Photographie de Ami Vitale, Nat Geo Image Collection

HONG KONG – Dans le monde entier, le panda géant, emblématique de la Chine, est signe de mignonnerie. Mais ces créatures noires et blanches aux faux airs d’oursons souffrent depuis longtemps d’être si irrésistibles : elles sont braconnées pour leur peau, enlevées et rapportées clandestinement aux États-Unis et au Japon, et les collectionneurs spéculent dessus comme si il s'agissait d'actions.

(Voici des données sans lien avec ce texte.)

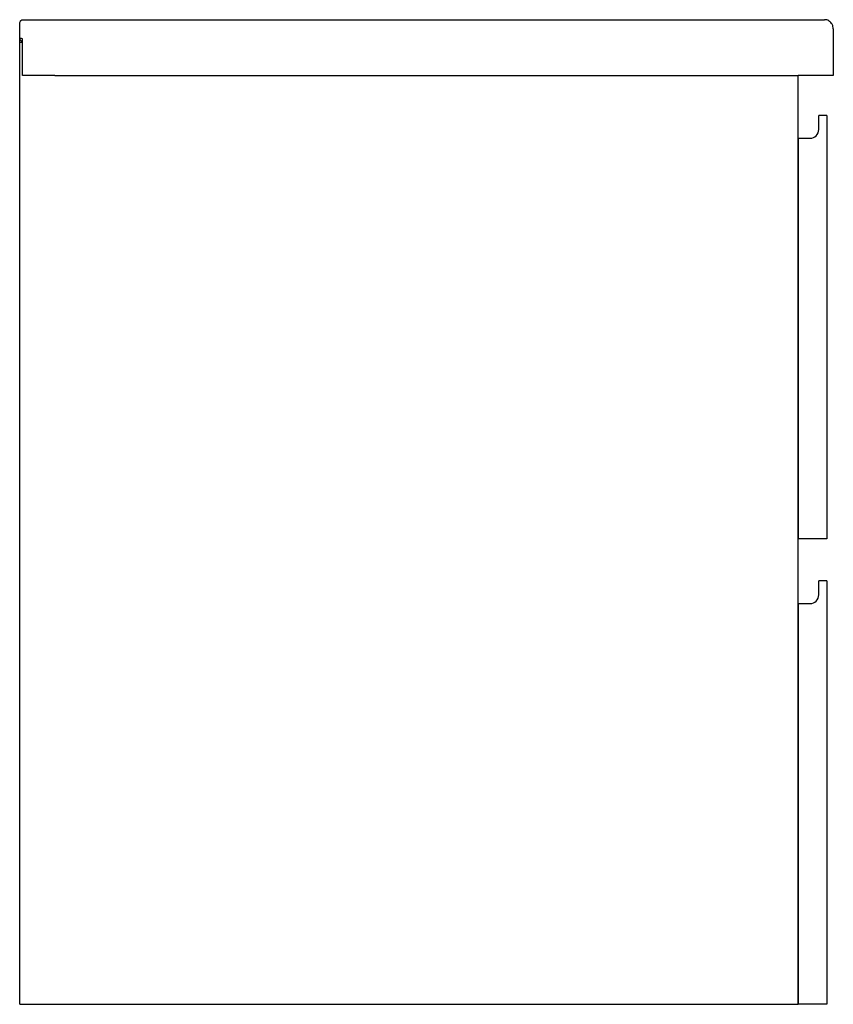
# Model space of a CAD drawing. Header units: millimetres. Extents: x 4240.592 to 4241.057, y 2662.134 to 2662.696.
import ezdxf

# ---------------------------------------------------------------- set-up
doc = ezdxf.new("R2010")
doc.units = ezdxf.units.MM
doc.layers.add('SANINDUSA', color=3, linetype='Continuous')

msp = doc.modelspace()

# ---------------------------------------------------------------- linework, layer by layer
at = {"layer": 'SANINDUSA'}
for p, q in [((4240.59236, 2662.68574), (4240.59236, 2662.69425)), ((4240.61236, 2662.69637), (4241.03736, 2662.69637)), ((4241.05736, 2662.69106), (4241.05736, 2662.66448)), ((4240.59324, 2662.68574), (4240.59403, 2662.68546)), ((4240.59403, 2662.66448), (4240.59403, 2662.68546)), ((4240.59236, 2662.68362), (4240.59403, 2662.68362)), ((4240.59236, 2662.13362), (4240.59236, 2662.68362)), ((4240.61236, 2662.66448), (4241.03736, 2662.66448)), ((4241.03736, 2662.13362), (4241.03736, 2662.66448)), ((4241.04901, 2662.63362), (4241.04901, 2662.64162)), ((4241.05371, 2662.64162), (4241.04901, 2662.64162)), ((4241.05371, 2662.64162), (4241.05371, 2662.39962)), ((4241.03736, 2662.62862), (4241.03736, 2662.39962)), ((4241.03736, 2662.62862), (4241.04401, 2662.62862)), ((4241.05371, 2662.39962), (4241.03736, 2662.39962)), ((4241.04901, 2662.36762), (4241.04901, 2662.37562)), ((4241.05371, 2662.37562), (4241.04901, 2662.37562)), ((4241.05371, 2662.37562), (4241.05371, 2662.13362)), ((4241.03736, 2662.36262), (4241.04401, 2662.36262)), ((4241.03736, 2662.36262), (4241.03736, 2662.13362)), ((4240.59236, 2662.13362), (4241.03736, 2662.13362)), ((4241.05371, 2662.13362), (4241.03736, 2662.13362))]:
    msp.add_line(p, q, dxfattribs=at)
for centre in [(4241.04401, 2662.63362), (4241.04401, 2662.36762)]:
    msp.add_arc(centre, 0.005, 270, 0, dxfattribs=at)
for points, knots in [([(4240.59236, 2662.69425), (4240.59238, 2662.69445), (4240.59241, 2662.6949), (4240.59268, 2662.69545), (4240.59304, 2662.69587), (4240.59342, 2662.69614), (4240.59387, 2662.69634), (4240.5942, 2662.69636), (4240.59436, 2662.69637)], [0, 0, 0, 0, 0.185909, 0.418605, 0.552646, 0.696117, 0.84632, 1, 1, 1, 1]), ([(4240.59436, 2662.69637), (4240.59446, 2662.69637), (4240.59466, 2662.69637), (4240.59609, 2662.69637), (4240.59812, 2662.69637), (4240.6003, 2662.69637), (4240.60234, 2662.69637), (4240.60411, 2662.69637), (4240.60634, 2662.69637), (4240.60911, 2662.69637), (4240.61125, 2662.69637), (4240.61236, 2662.69637)], [0, 0, 0, 0, 0.114676, 0.2334256, 0.3547015, 0.4861027, 0.5633661, 0.6431494, 0.7261392, 0.8579098, 1, 1, 1, 1]), ([(4241.03736, 2662.69637), (4241.03834, 2662.69637), (4241.04028, 2662.69637), (4241.0431, 2662.69637), (4241.0457, 2662.69637), (4241.04798, 2662.69637), (4241.04988, 2662.69637), (4241.05127, 2662.69637), (4241.05219, 2662.69637), (4241.05231, 2662.69637), (4241.05236, 2662.69637)], [0, 0, 0, 0, 0.141148, 0.279993, 0.414648, 0.543412, 0.66571, 0.781501, 0.892219, 1, 1, 1, 1]), ([(4241.05736, 2662.69106), (4241.05732, 2662.69156), (4241.05724, 2662.69269), (4241.05656, 2662.69407), (4241.05566, 2662.69511), (4241.05472, 2662.6958), (4241.0536, 2662.69628), (4241.05278, 2662.69634), (4241.05236, 2662.69637)], [0, 0, 0, 0, 0.18591, 0.418605, 0.552646, 0.696119, 0.84632, 1, 1, 1, 1]), ([(4240.59236, 2662.68574), (4240.59238, 2662.68554), (4240.59243, 2662.68512), (4240.59293, 2662.68444), (4240.59351, 2662.68392), (4240.59397, 2662.68384), (4240.59403, 2662.68383)], [0, 0, 0, 0, 0.280987, 0.596715, 0.949539, 1, 1, 1, 1]), ([(4240.59236, 2662.68574), (4240.59241, 2662.68574), (4240.5925, 2662.68574), (4240.59301, 2662.68574), (4240.59324, 2662.68574)], [0, 0, 0, 0, 0.555931, 1, 1, 1, 1]), ([(4240.59236, 2662.68379), (4240.59236, 2662.6841), (4240.59236, 2662.68484), (4240.59236, 2662.68557), (4240.59236, 2662.68569), (4240.59236, 2662.68574)], [0, 0, 0, 0, 0.279992, 0.659341, 1, 1, 1, 1]), ([(4240.61236, 2662.66448), (4240.61097, 2662.66448), (4240.60814, 2662.66448), (4240.60403, 2662.66448), (4240.60006, 2662.66448), (4240.5965, 2662.66448), (4240.59482, 2662.66448), (4240.59403, 2662.66448)], [0, 0, 0, 0, 0.196002, 0.396118, 0.591987, 0.807393, 1, 1, 1, 1]), ([(4241.05736, 2662.66448), (4241.05728, 2662.66448), (4241.0571, 2662.66448), (4241.05565, 2662.66448), (4241.05329, 2662.66448), (4241.05, 2662.66448), (4241.04604, 2662.66448), (4241.04173, 2662.66448), (4241.0388, 2662.66448), (4241.03736, 2662.66448)], [0, 0, 0, 0, 0.113021, 0.237062, 0.373415, 0.520907, 0.682715, 0.844873, 1, 1, 1, 1])]:
    msp.add_open_spline(points, degree=3, knots=knots, dxfattribs=at)

doc.saveas('drawing.dxf')

À l’aube des années 1980, leur nombre dans la nature était d’à peine un millier. L’extinction était imminente.

Mais cet été, les pandas sont aussi devenus un symbole de la sauvegarde animale. Les autorités chinoises ont annoncé que l’espèce, dont la population sauvage a presque doublé après trente ans d’efforts gouvernementaux, n’était plus en danger.

En 2016, l’Union internationale pour la conservation de la nature (IUCN) avait déjà rétrogradé le panda géant d’espèce « en danger » à espèce « vulnérable », en justifiant sa décision par l’accroissement de leur population et l’expansion de leur habitat. Mais certains scientifiques et officiels chinois ont rejeté cette estimation, arguant qu’elle était prématurée et qu’elle pourrait miner les efforts faits pour protéger les pandas.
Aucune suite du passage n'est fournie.